Ilustrasi. Foto: Dok MI
BPS Jakarta Catat Pengumpulan Data Sensus Ekonomi 2026 Capai 44,97%
Eko Nordiansyah • 12 July 2026 14:24
Jakarta: Badan Pusat Statistik (BPS) Provinsi DKI Jakarta mencatat pengumpulan data dalam pelaksanaan Sensus Ekonomi 2026 mencapai 44,97 persen. Sensus Ekonomi 2026 (SE 2026) digelar pada 1 Mei-31 Agustus 2026.
"Progress sampai dengan hari sudah mencapai 44,97 persen, gabungan daftar keluarga dan usaha," kata Kepala BPS DKI Jakarta, Kadarmanto kepada Metrotvnews.com, Minggu, 12 Juli 2026.
Ia mengatakan, sejauh ini masyarakat banyak yang mendukung pelaksanaan Sensus Ekonomi 2026. Meski begitu, Kadarmanto mengakui, sebagian masyarakat juga masih ada yang ragu atau bahkan menolak Ketika didatangi untuk sensus yang dilakukan 10 tahun sekali ini.
"Tidak dipungkiri masih ada sekelompok kecil masyarakat yang ragu atau bahkan menolak karena berbagai macam sebab. Langkah persuasi dan edukasi terus dilakukan seluruh jajaran BPS dan Pemda setempat untuk mengatasi hal tersebut," ujarnya.

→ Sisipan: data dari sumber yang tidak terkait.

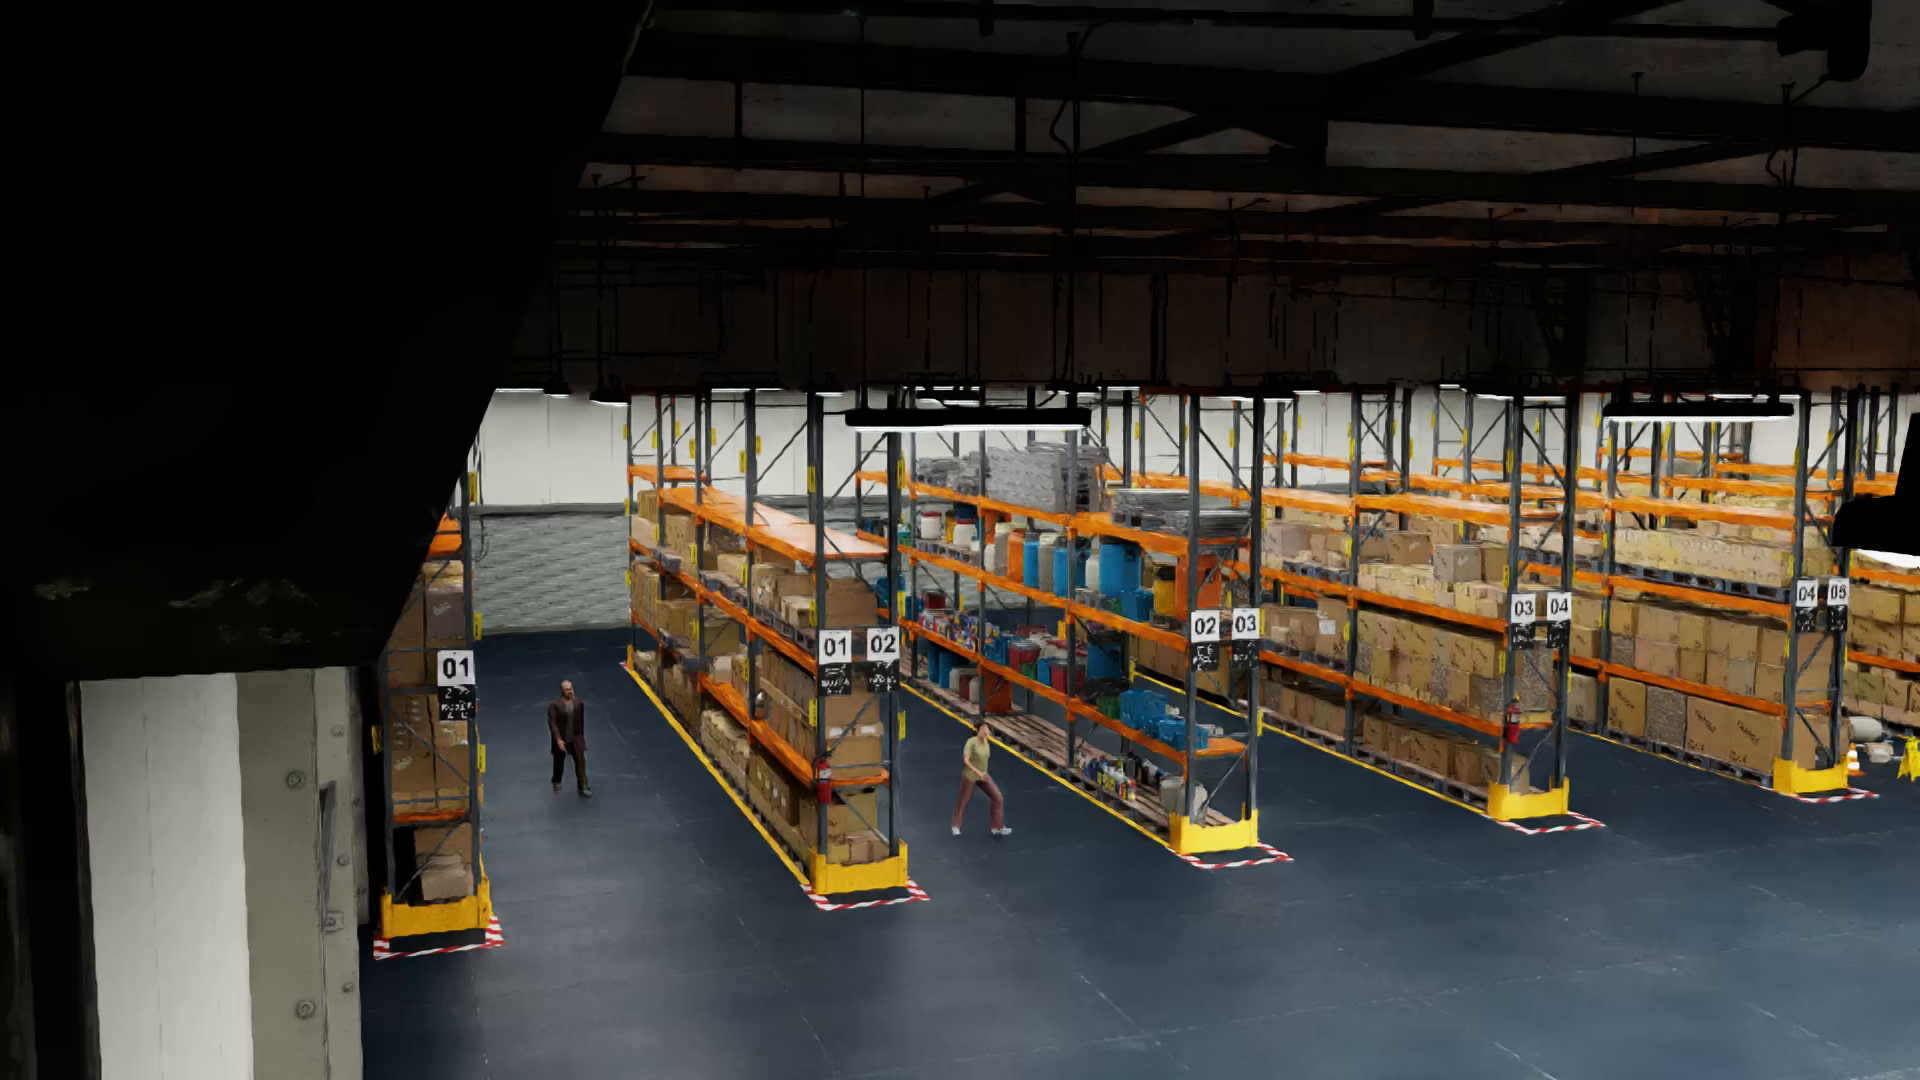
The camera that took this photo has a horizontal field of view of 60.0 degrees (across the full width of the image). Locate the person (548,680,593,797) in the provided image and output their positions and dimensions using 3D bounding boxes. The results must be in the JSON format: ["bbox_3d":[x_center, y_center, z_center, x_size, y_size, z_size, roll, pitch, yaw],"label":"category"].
[{"bbox_3d":[-5.808,2.923,24.604,0.580,1.715,1.104,-3,7,-27],"label":"person"}]

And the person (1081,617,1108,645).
[{"bbox_3d":[2.758,2.039,34.239,0.566,1.541,0.519,-2,6,-20],"label":"person"}]

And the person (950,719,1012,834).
[{"bbox_3d":[0.235,3.199,22.531,0.612,1.610,0.790,-5,8,-39],"label":"person"}]
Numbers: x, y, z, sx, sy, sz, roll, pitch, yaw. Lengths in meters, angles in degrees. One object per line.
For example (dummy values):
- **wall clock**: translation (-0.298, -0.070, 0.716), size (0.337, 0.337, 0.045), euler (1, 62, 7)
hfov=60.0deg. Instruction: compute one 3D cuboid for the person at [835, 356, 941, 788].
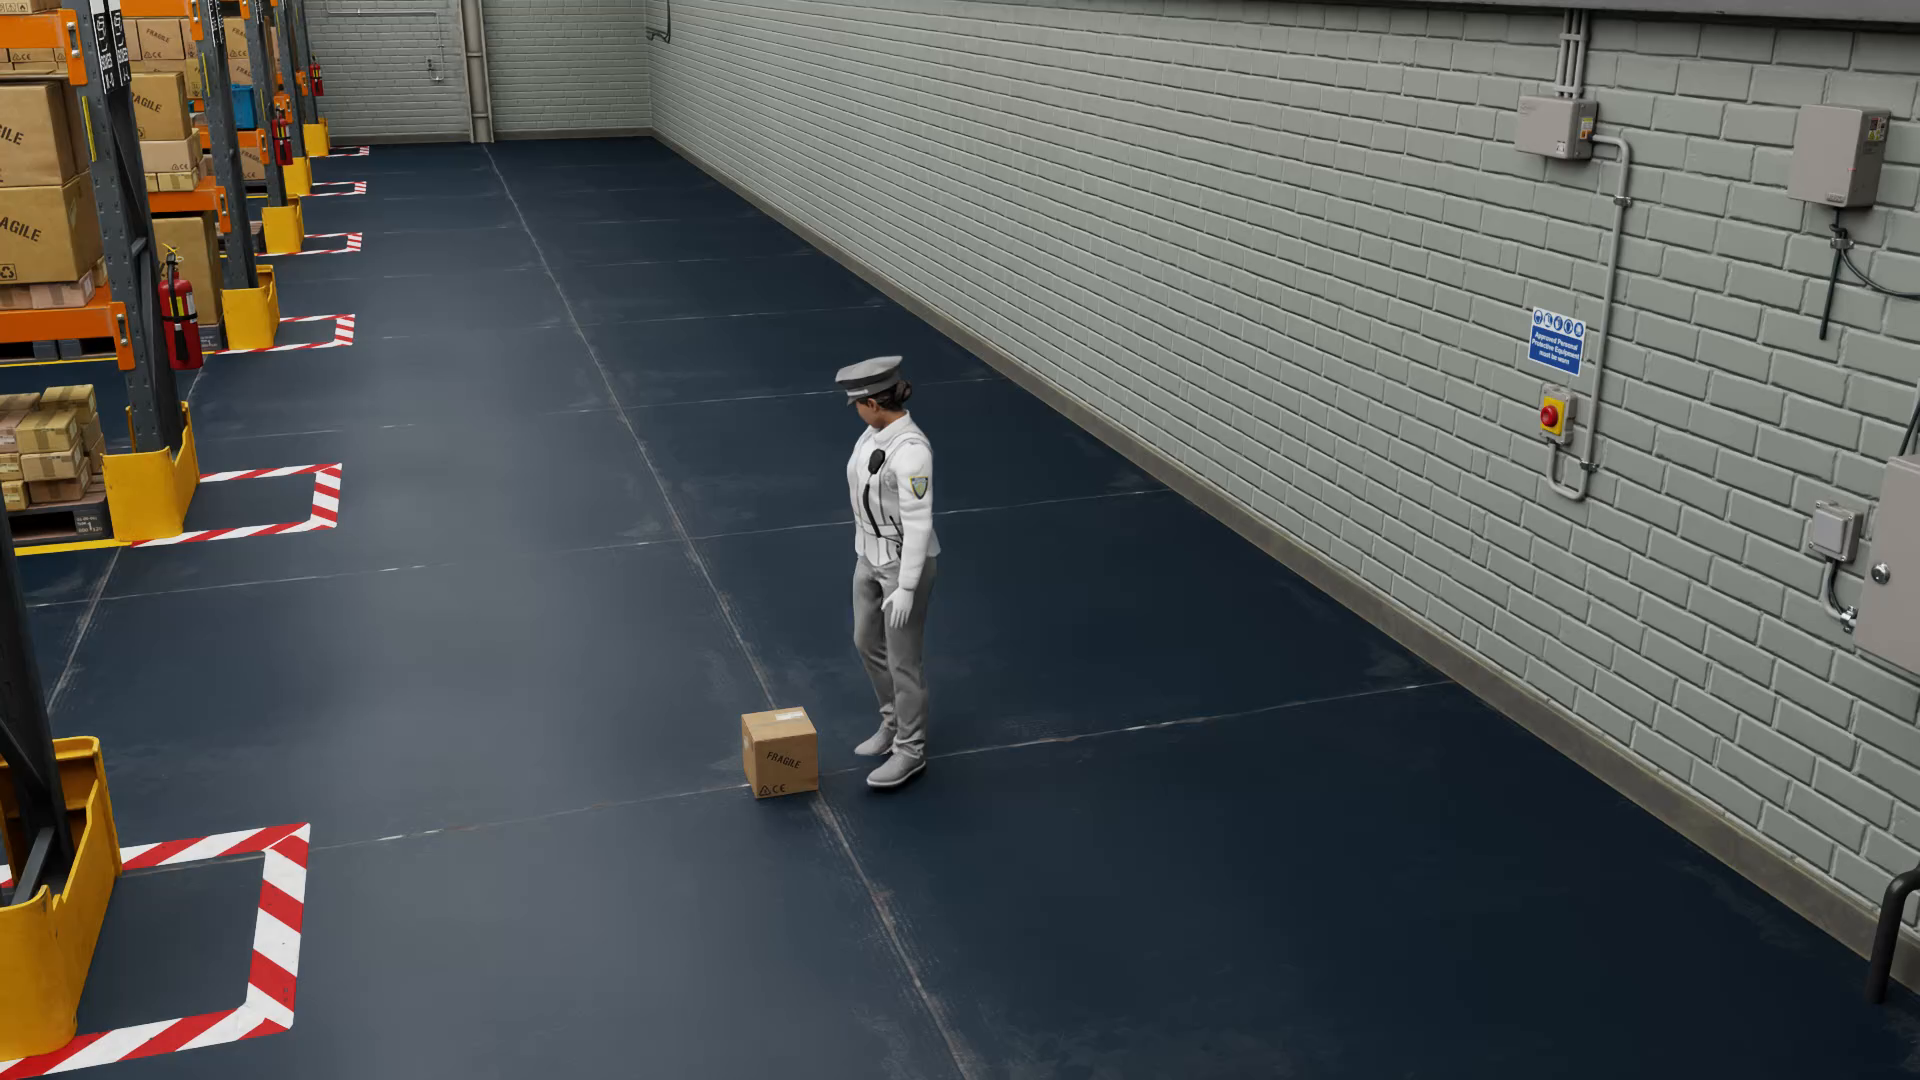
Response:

(Ilustrasi. Foto: Dok Metrotvnews.com)
Kendala selama Sensus Ekonomi 2026
Kadarmanto mengungkapkan, BPS menghadapi kendala baik internal maupun eksternal dalam pelaksanaan Sensus Ekonomi. Untuk kendala internal, petugas sensus yang memiliki perfoma kurang akhirnya diganti dengan petugas yang baru."Kendala eksternal adanya penolakan warga, penolakan pelaku usaha maupun pengelola. Upaya yang dilakukan BPS dengan mengadakan sosialisasi pentingnya SE 2026 kepada warga, mengadakan FGD dengan pengelola difasilitasi oleh pemerintah daerah," jelas dia.
BPS juga melakukan edukasi kepada masyarakat melalui media sosial (mendsos) yang dimiliki oleh seluruh kantor BPS. Selain itu, petugas juga menyebarkan broadcast informasi kegiatan Sensus Ekonomi 2026 sampai dengan RT/RW di seluruh DKI Jakarta.
BPS menegaskan seluruh informasi yang diberikan oleh responden bersifat rahasia dan dilindungi oleh peraturan perundang-undangan yang berlaku. Data yang dikumpulkan tidak digunakan untuk kepentingan komersial maupun disebarluaskan kepada pihak yang tidak berwenang.
Informasi tersebut hanya digunakan untuk kebutuhan statistik dan penyusunan kebijakan pembangunan. Hasil yang dipublikasikan nantinya juga disajikan dalam bentuk agregat sehingga tidak menampilkan identitas individu maupun keluarga tertentu.